▶ _Input for this task_:
——
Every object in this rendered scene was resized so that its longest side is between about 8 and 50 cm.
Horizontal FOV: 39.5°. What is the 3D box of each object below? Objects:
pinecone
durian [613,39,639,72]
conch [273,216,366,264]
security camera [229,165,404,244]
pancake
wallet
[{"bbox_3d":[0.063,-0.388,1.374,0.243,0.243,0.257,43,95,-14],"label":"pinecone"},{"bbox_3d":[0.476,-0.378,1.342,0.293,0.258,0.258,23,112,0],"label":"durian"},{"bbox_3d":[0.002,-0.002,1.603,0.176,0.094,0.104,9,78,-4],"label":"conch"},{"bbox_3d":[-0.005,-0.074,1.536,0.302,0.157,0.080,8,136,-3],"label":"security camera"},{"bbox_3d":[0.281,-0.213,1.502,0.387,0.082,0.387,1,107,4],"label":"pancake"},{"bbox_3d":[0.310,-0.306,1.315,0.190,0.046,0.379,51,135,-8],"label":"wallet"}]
——
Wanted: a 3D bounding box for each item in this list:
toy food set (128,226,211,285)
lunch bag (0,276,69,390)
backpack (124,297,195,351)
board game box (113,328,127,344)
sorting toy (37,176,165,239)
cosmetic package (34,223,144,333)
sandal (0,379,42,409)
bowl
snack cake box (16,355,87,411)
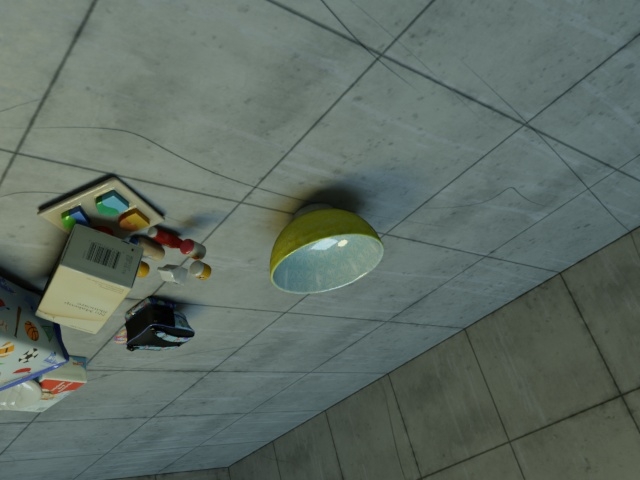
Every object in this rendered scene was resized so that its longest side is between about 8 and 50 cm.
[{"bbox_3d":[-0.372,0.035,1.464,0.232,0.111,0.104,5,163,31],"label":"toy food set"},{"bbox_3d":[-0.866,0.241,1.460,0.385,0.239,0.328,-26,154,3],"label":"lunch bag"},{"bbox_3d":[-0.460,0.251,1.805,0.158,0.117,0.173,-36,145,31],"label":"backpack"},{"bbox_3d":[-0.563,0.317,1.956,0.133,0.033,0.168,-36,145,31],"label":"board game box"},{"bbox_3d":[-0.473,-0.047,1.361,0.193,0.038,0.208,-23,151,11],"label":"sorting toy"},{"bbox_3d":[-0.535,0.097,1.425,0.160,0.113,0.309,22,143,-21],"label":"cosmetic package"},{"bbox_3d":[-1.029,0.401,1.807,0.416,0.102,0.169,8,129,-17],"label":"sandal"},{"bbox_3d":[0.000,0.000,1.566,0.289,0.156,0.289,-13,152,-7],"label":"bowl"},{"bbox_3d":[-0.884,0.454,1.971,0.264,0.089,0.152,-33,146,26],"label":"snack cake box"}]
——
▶ _Description of the task_: Lines above with the word "each" should be counted, and the reply is that count alone.

▶ _Response area_: 2